You are violating Rule 7 # 3 because you have more people living in the home than you are registered with. This rule says that no occupation by more than one family without permittion from management [sic]. You must cure this by removing evry body [sic] except for you & your 2 daughters.

The seven-day notice further stated that if Sparks failed to either cure the violations within seven days or obtain a written agreement with the Park allowing for a variance, the Park would commence eviction proceedings against her pursuant to the Utah Mobile Home Park Residency Act, Utah Code Ann. §§ 57-16-1 to -15.1 (1994 & Supp.1999). The sixty-day notice listed numerous additional rules violations and also afforded Sparks the opportunity to seek a variance from the rules or a variance from the time period she had to cure the violations.1

¶ 7 Sparks admits she neglected to cure all of the violations listed in the seven-day notice. Sparks also neglected to obtain a variance from the rules violations listed in the seven-day notice or from the seven-day cure period. Instead, she merely claims that she left a telephone message for the Park manager.2

*1046¶ 8 Accordingly, on July 25, 1997, Malibu filed a complaint in Third District Court seeking to evict Sparks from the Park for breach of the lease and failure to comply with the seven-day notice. On October 22, 1997, after the sixty-day period expired, Malibu amended its complaint to include Sparks’ failure to comply with the sixty-day notice as additional grounds for eviction.3

¶ 9 Sparks defended against Malibu’s eviction action by contending that she did not breach her lease agreement. In the alternative, Sparks alleged that she was excused from complying with the two notices because the notices were (1) unconscionable, (2) a breach of contract, (3) a breach of the implied covenant of good faith and fair dealing, and (4) a violation of the state and federal fair housing acts. Sparks also filed a counterclaim setting forth discrimination claims under the fair housing acts. Malibu moved for summary judgment on its eviction claim on the basis of the undisputed fact that Sparks, by her own admission, failed to cure the many rule violations set forth in the seven-day and sixty-day notices. Additionally, Sparks filed her own motion for summary judgment on the fair housing violations she alleged in her counterclaim.

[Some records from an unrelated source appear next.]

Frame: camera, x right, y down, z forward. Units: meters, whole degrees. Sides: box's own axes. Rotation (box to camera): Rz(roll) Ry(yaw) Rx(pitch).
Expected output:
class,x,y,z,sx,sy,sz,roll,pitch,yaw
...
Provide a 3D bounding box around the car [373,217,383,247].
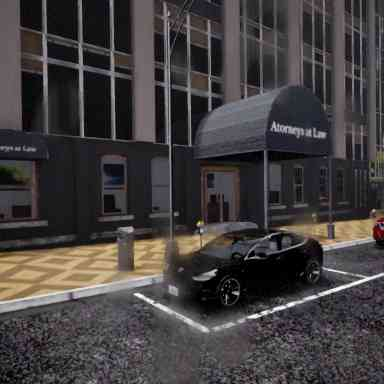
class,x,y,z,sx,sy,sz,roll,pitch,yaw
car,9.642,1.310,14.054,5.009,1.841,2.192,0,-1,-37

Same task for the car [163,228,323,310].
class,x,y,z,sx,sy,sz,roll,pitch,yaw
car,1.370,1.564,7.847,4.313,1.339,1.947,0,-1,-37
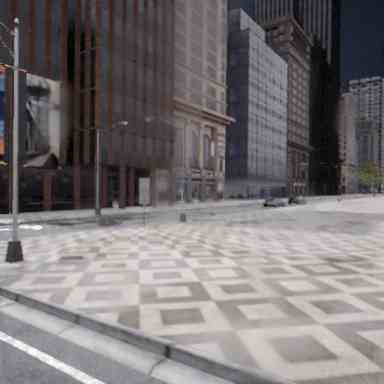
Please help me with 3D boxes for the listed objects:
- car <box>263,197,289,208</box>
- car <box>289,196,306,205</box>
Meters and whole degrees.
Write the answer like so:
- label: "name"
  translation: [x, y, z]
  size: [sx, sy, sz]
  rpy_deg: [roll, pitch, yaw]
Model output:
- label: "car"
  translation: [11.432, 1.448, 46.071]
  size: [1.994, 1.385, 4.181]
  rpy_deg: [1, 1, 36]
- label: "car"
  translation: [17.171, 1.346, 54.280]
  size: [1.837, 1.490, 4.892]
  rpy_deg: [1, 1, 35]
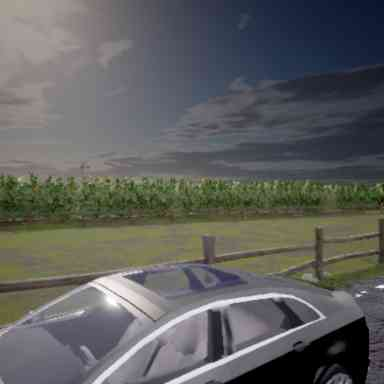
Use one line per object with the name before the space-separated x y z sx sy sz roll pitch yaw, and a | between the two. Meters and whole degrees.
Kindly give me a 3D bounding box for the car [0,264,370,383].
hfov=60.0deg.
car | -0.382 1.500 2.837 4.902 1.511 2.128 0 0 -36
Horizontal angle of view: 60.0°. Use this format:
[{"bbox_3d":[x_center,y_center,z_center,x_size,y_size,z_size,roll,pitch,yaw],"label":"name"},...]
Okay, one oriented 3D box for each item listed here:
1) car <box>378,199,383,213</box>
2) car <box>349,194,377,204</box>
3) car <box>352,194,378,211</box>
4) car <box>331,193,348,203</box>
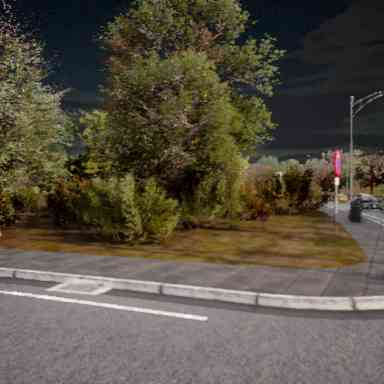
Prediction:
[{"bbox_3d":[14.046,1.051,21.697,1.882,1.535,5.008,0,0,16],"label":"car"},{"bbox_3d":[25.868,0.981,50.409,1.812,1.442,4.674,0,0,0],"label":"car"},{"bbox_3d":[16.537,1.094,31.396,1.994,1.385,4.181,0,0,12],"label":"car"},{"bbox_3d":[22.355,0.940,52.040,1.882,1.535,5.008,0,0,-3],"label":"car"}]
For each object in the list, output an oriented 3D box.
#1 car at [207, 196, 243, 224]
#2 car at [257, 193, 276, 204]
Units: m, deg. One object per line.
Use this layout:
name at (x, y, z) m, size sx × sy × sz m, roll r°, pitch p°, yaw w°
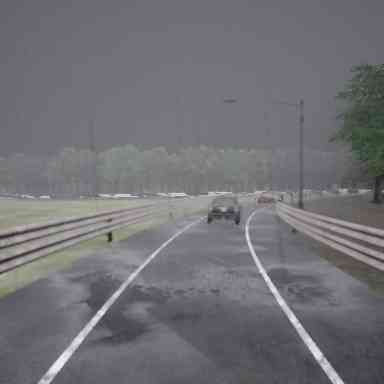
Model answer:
car at (2.349, 1.095, 22.706) m, size 2.097 × 1.767 × 4.553 m, roll 1°, pitch 1°, yaw 11°
car at (10.592, 0.900, 46.875) m, size 1.812 × 1.442 × 4.674 m, roll 0°, pitch 1°, yaw 26°
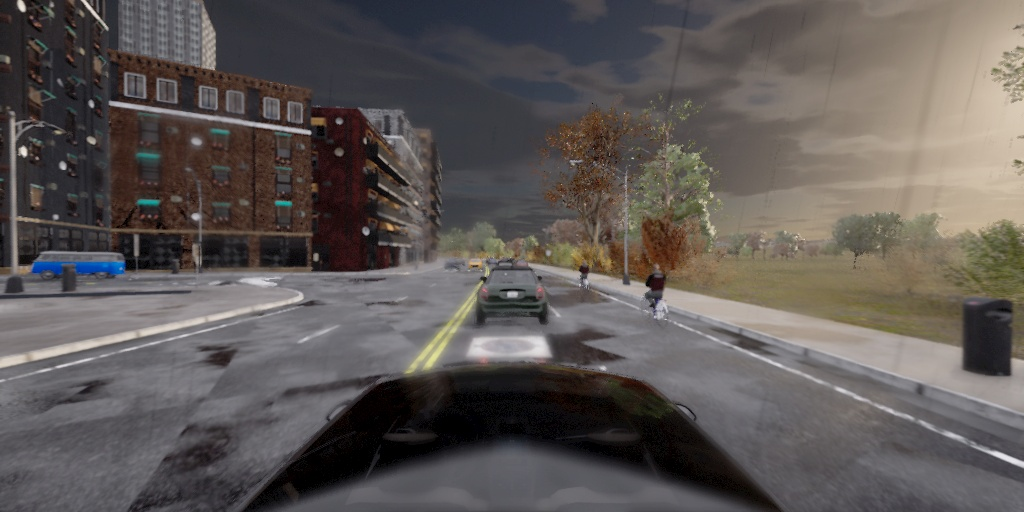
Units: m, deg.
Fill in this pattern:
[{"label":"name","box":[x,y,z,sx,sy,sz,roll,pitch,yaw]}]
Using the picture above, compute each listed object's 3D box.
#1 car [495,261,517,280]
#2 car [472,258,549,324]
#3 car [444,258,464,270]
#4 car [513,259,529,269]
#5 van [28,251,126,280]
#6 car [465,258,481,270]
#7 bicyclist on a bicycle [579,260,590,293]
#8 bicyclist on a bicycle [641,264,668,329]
[{"label":"car","box":[-0.612,1.199,31.685,1.837,1.490,4.892,0,0,-3]},{"label":"car","box":[-0.015,1.083,12.056,2.097,1.767,4.553,0,0,-1]},{"label":"car","box":[-8.396,1.210,50.552,2.033,1.411,5.357,0,0,-4]},{"label":"car","box":[1.302,1.207,53.803,1.994,1.385,4.181,0,0,-4]},{"label":"van","box":[-28.073,0.623,23.338,3.998,1.789,1.690,0,0,-30]},{"label":"car","box":[-5.172,1.135,50.934,1.882,1.535,5.008,0,0,-4]},{"label":"bicyclist on a bicycle","box":[3.877,1.085,19.392,0.659,1.776,1.843,0,0,-1]},{"label":"bicyclist on a bicycle","box":[4.061,1.102,10.318,0.659,1.776,1.843,0,0,-1]}]
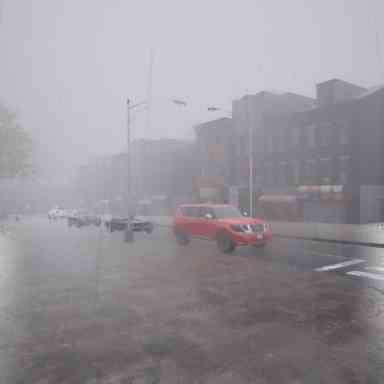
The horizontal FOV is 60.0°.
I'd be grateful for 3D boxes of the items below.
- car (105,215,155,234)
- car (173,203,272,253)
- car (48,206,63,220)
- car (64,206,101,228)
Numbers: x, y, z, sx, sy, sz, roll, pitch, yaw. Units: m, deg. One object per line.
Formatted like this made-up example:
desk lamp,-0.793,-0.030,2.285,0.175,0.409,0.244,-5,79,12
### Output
car,-4.532,2.290,23.854,1.895,1.301,4.718,0,-2,-36
car,1.182,1.565,15.849,2.150,2.045,5.566,0,-2,-35
car,-20.634,3.198,51.508,2.150,2.045,5.566,0,-2,-35
car,-10.464,2.440,32.182,2.097,1.767,4.553,0,-2,-35
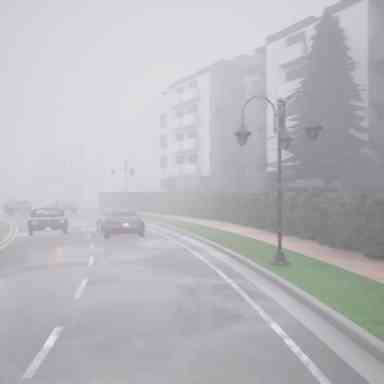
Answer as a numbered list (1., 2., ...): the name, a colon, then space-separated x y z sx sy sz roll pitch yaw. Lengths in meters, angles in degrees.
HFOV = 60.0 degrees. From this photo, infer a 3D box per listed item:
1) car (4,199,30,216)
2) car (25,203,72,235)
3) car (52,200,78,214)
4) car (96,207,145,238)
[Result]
1. car: -16.149 1.364 30.909 2.128 1.511 4.902 -1 0 -36
2. car: -8.026 1.518 18.464 1.895 1.301 4.718 0 0 -25
3. car: -12.591 1.451 32.026 1.895 1.301 4.718 -1 0 -36
4. car: -3.760 1.470 17.178 1.994 1.385 4.181 0 0 -21

¶ 10 The trial court granted summary judgment in favor of Malibu on its eviction claim because of the undisputed facts that Sparks violated Park rules and failed to cure them.4 Additionally, the court concluded that the alleged fair housing violations were no defense to the eviction action: “[A]ny alleged discrimination does not estop the Park from terminating the leasehold for Mrs. Sparks’ failure to abide by the rules.” The court also denied Sparks’ motion for summary judgment on her fair housing counterclaim, concluding that Sparks lacked standing to pursue a claim under either fair housing act. Regardless of standing, the court also concluded that Sparks’ arguments under the fair housing acts “lack[ed] any factual or legal basis to grant summary judgment.”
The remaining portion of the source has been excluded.